[Date Prev][Date Next][Thread Prev][Thread Next][Date Index][Thread Index]

Re: [idn] case folding



At 13:39 31-05-00 , Brian W. Spolarich wrote:
>   What problem does case folding solve?

Preventing having functionally identical strings pointing at different
web content, to give an obvious example.

>Is it reasonable for protocol
>users to expect that MYDOMAIN.COM and MyDoMaIn.CoM are semantically the
>same, and therefore the protocol should understand that?

They already have demonstrated that they do, so the principle of least
astonishment means this behaviour should not change.

>While there is a
>backward compatibility requirement for US-ASCII, is it truly the case that
>users of the IDN will so strongly expect this behaviour that it becomes a
>requirement?

Absolutely yes.

>Is it possible to come up with a case-folding implementation
>that is going to satisfy the behavioural expectations of the large
>majority of the users?  I am mostly ignorant of these issues as they apply
>to the the vast majority of languages, but given the issues that have been
>raised here, I have to wonder if this is practically achievable.
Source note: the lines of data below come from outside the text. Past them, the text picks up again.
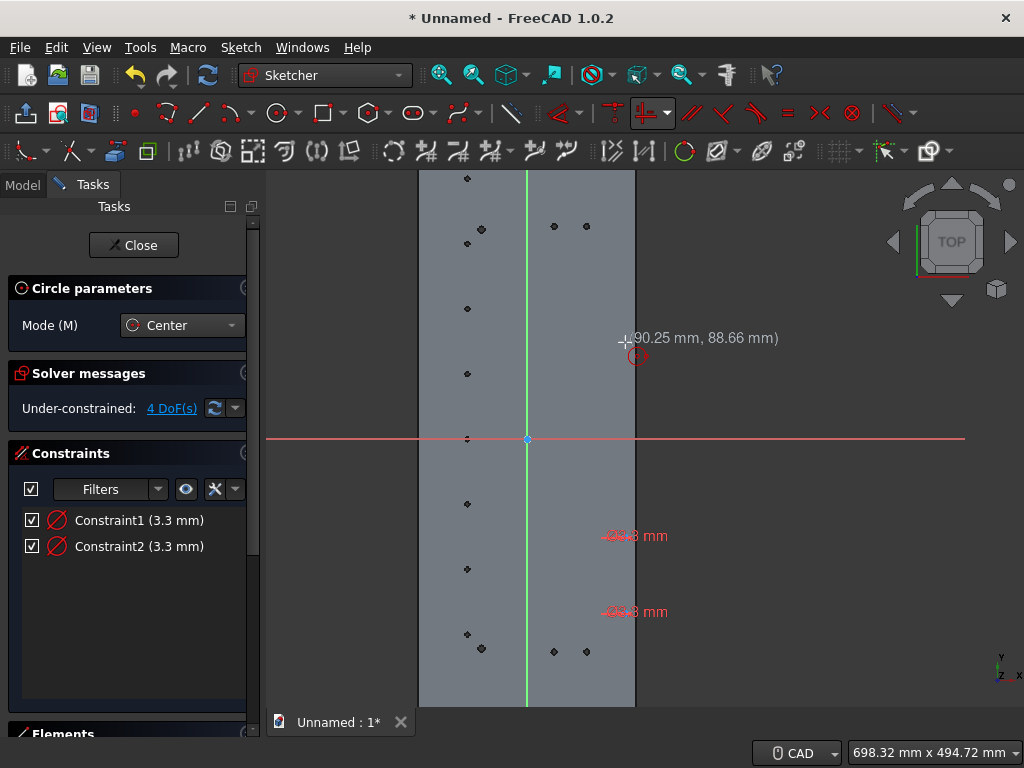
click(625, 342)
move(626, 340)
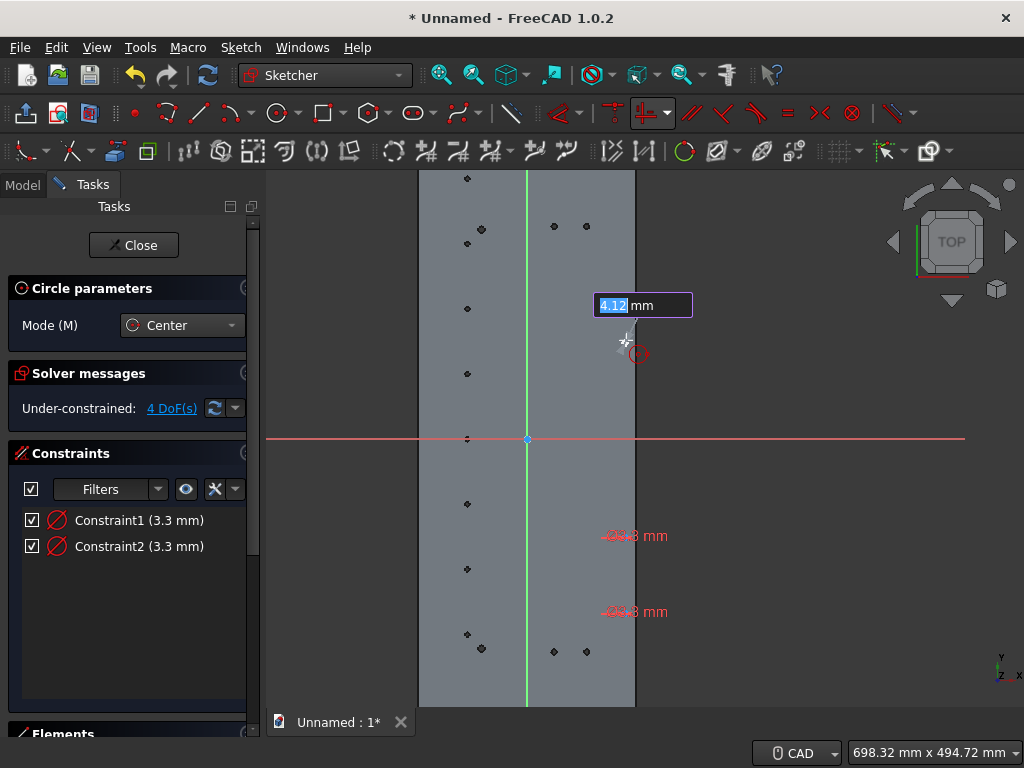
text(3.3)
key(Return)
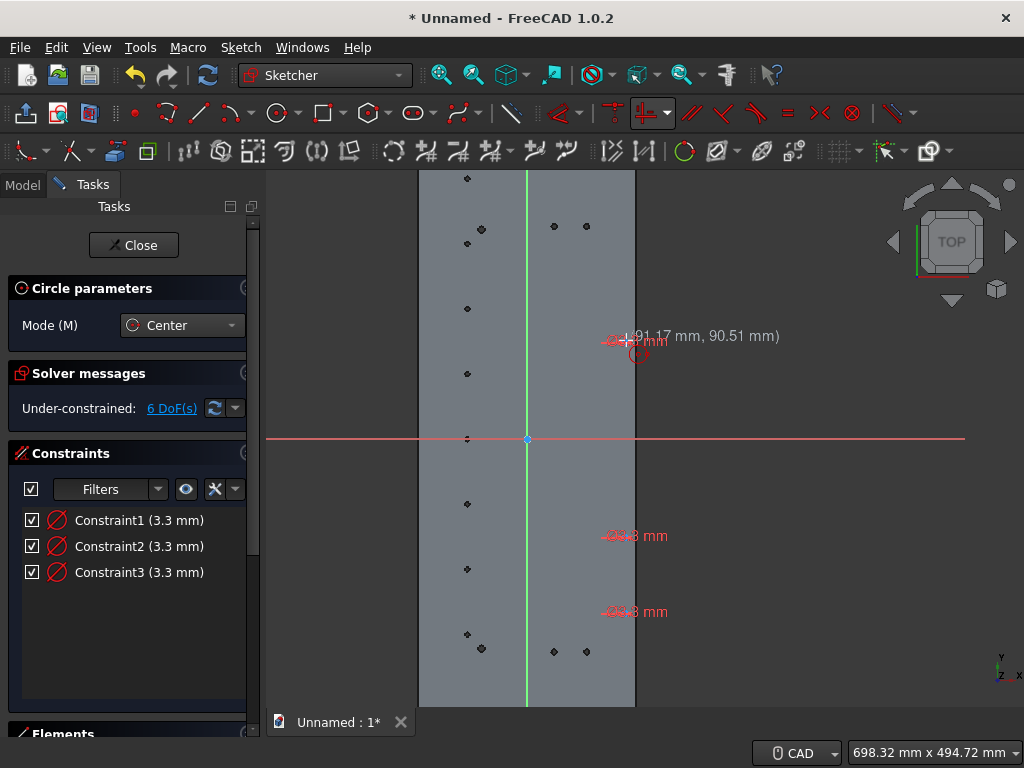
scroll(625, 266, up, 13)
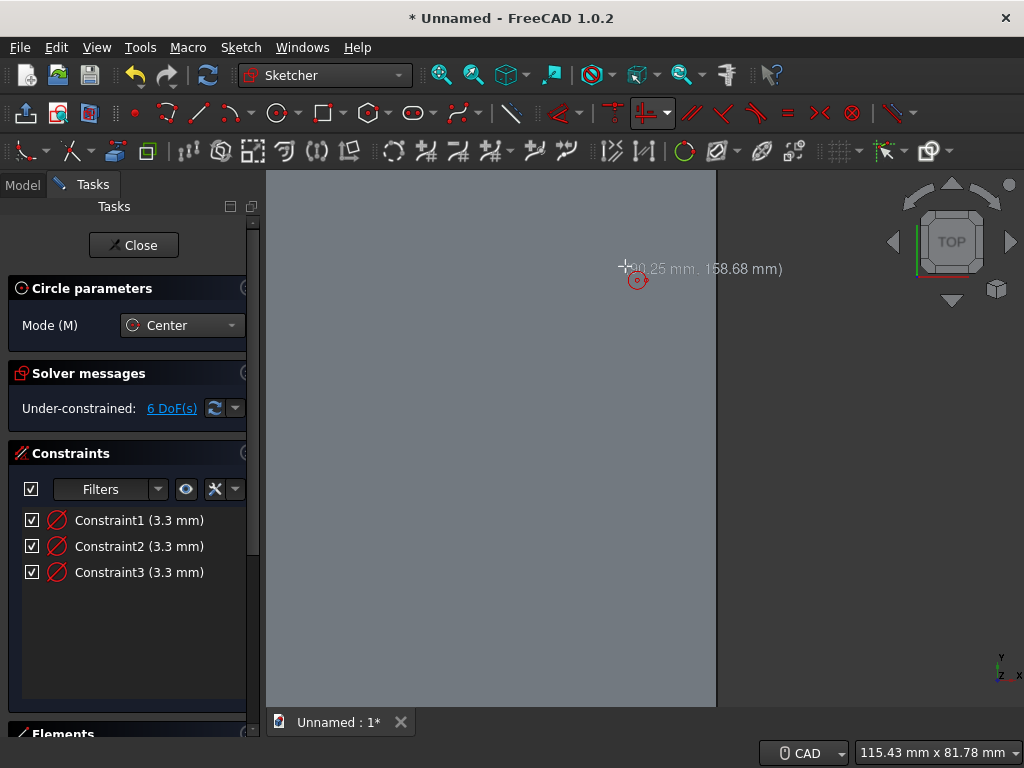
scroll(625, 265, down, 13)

The key is to distinguish between alphabetic languages (e.g. English,
Norwegian, Vietnamese) and non-alphabetic languages (e.g. Chinese).

For alphabetic langugages, case folding needs to be handled appropriately,
while for non-alphabetic languages "case" is not generally meaningful.

For the previous example of German double-S, it isn't really a matter
of case-folding but would definitely be within scope for canonicalisation,
IMHO.

UNICODE already has a specification for canonicalisation, which specification
reportedly includes case folding.  We can simply use that specification;
ISO not having an equivalent specification today (and not expected to have
one soon).

>   One of the DNS' strengths is its relative simplicity for the complex
>distributed task that it accomplishes.  Would the complexity and potential
>ambiguity involved in coming up with case mapping rules that meet
>everyone's expectations dimish the simplicity priciple that makes the DNS
>work well?

No.  Failure to define case-mapping as part of canonicalisation would
definitely cause users to become frustrated and angry and work against
the continued health of the Internet.

Ran
rja@inet.org